### EXERCISE AIM
Search the records for the word "like" and pick out every line that has it.

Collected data
==============================
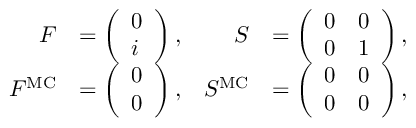<formula> <loc_0><loc_0><loc_500><loc_500>\begin{array} { r l r l } { F } & { = \left ( \begin{array} { l } { 0 } \\ { i } \end{array} \right ) , } & { S } & { = \left ( \begin{array} { l l } { 0 } & { 0 } \\ { 0 } & { 1 } \end{array} \right ) , } \\ { F ^ { M C } } & { = \left ( \begin{array} { l } { 0 } \\ { 0 } \end{array} \right ) , } & { S ^ { M C } } & { = \left ( \begin{array} { l l } { 0 } & { 0 } \\ { 0 } & { 0 } \end{array} \right ) , } \end{array}</formula> 
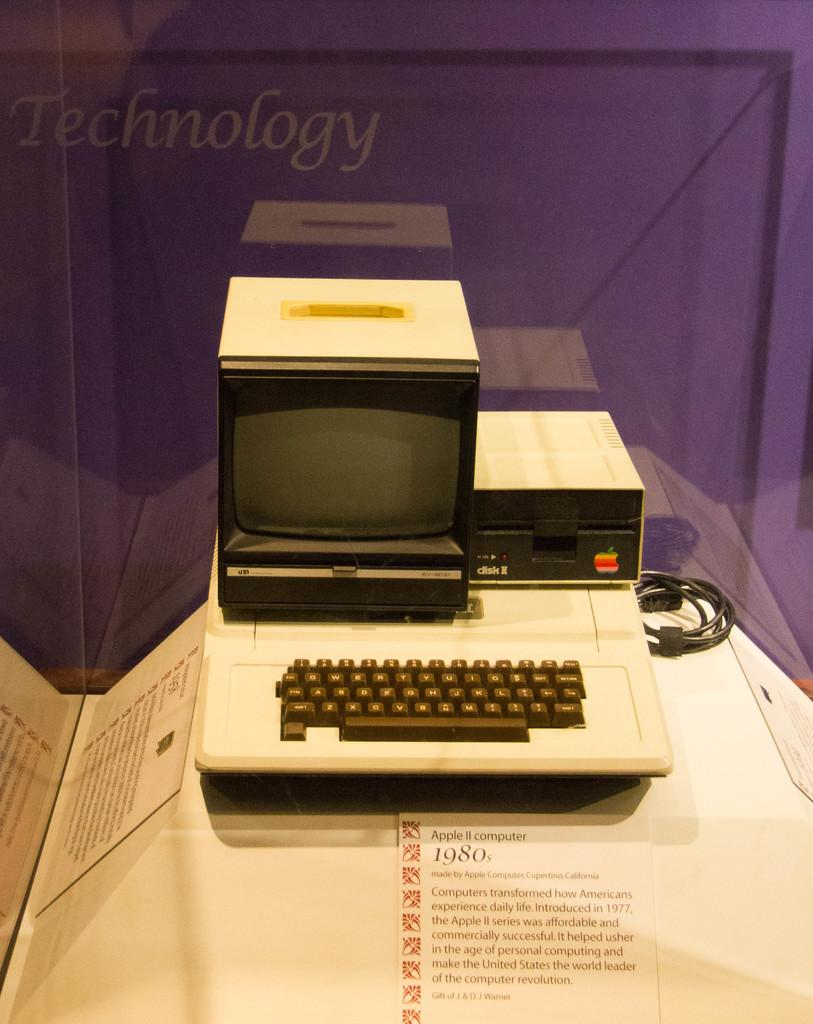<image>
Provide a brief description of the given image. display showing old apple II computer with floppy disk drive and monitor 
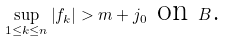Convert formula to latex. <formula><loc_0><loc_0><loc_500><loc_500>\sup _ { 1 \leq k \leq n } \left | f _ { k } \right | > m + j _ { 0 } \text { on } B \text {.}</formula> 
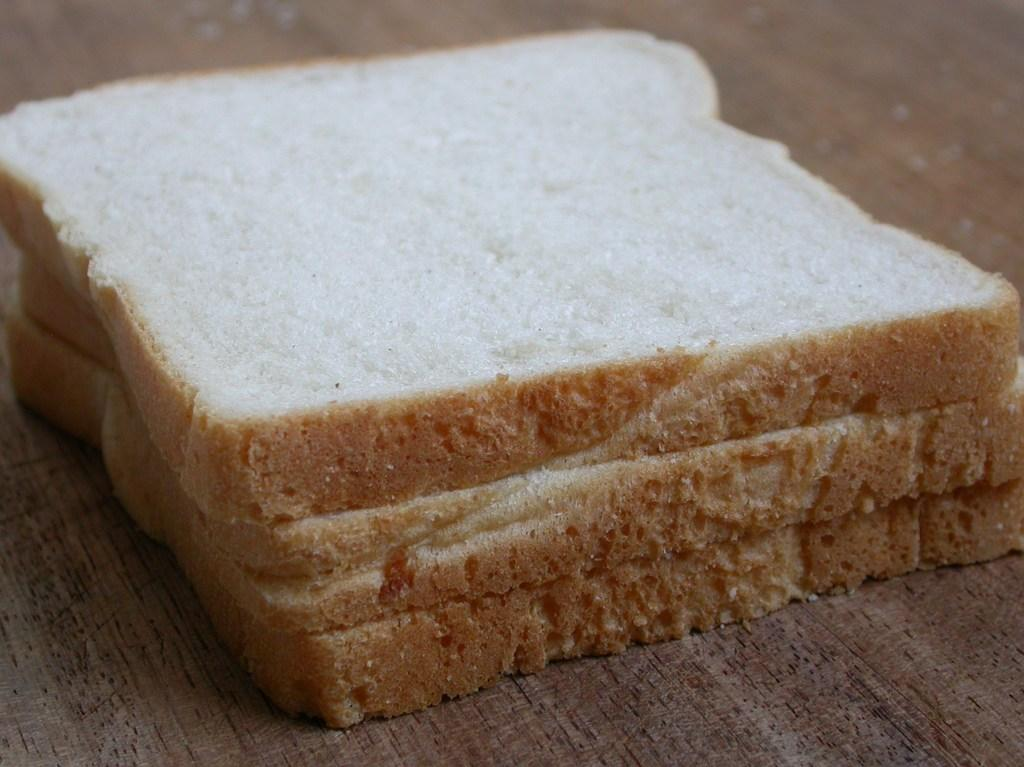What type of food can be seen in the image? There are bread slices in the image. Where are the bread slices located? The bread slices are on a wooden table. What type of stick can be seen in the image? There is no stick present in the image; it only features bread slices on a wooden table. 
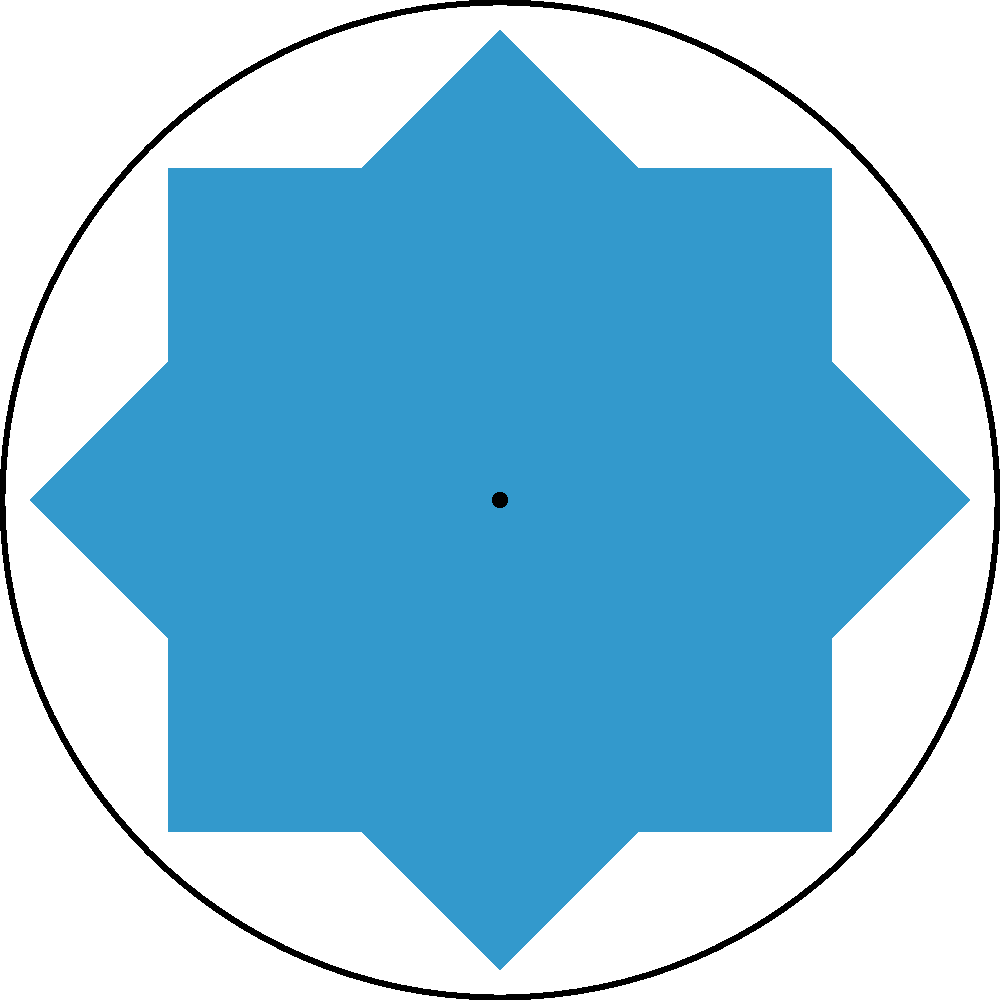In digital media design, rotating shapes can create captivating patterns. Consider a square with side length 1 unit, centered at the origin. If this square is rotated 45° around the origin and then this process is repeated to create a full circular pattern, how many rotations (including the initial position) are needed to complete one full revolution (360°)? To solve this problem, let's break it down step-by-step:

1. We start with a square centered at the origin.
2. Each rotation is 45° around the origin.
3. We need to determine how many 45° rotations are needed to complete 360°.

To calculate this:

1. Set up the equation: $45° \times n = 360°$, where $n$ is the number of rotations.
2. Solve for $n$:
   $n = 360° \div 45°$
   $n = 8$

This means that after 8 rotations (including the initial position), the square will have completed a full 360° revolution, creating a symmetrical, star-like pattern.

In the context of digital media design, this technique can be used to create intricate, mandala-like patterns or dynamic, radial compositions that draw the viewer's eye to the center of the image.
Answer: 8 rotations
==============================
### EXPECTED OUTPUT
This means that after 8 rotations (including the initial position), the square will have completed a full 360° revolution, creating a symmetrical, star-like pattern.
In the context of digital media design, this technique can be used to create intricate, mandala-like patterns or dynamic, radial compositions that draw the viewer's eye to the center of the image.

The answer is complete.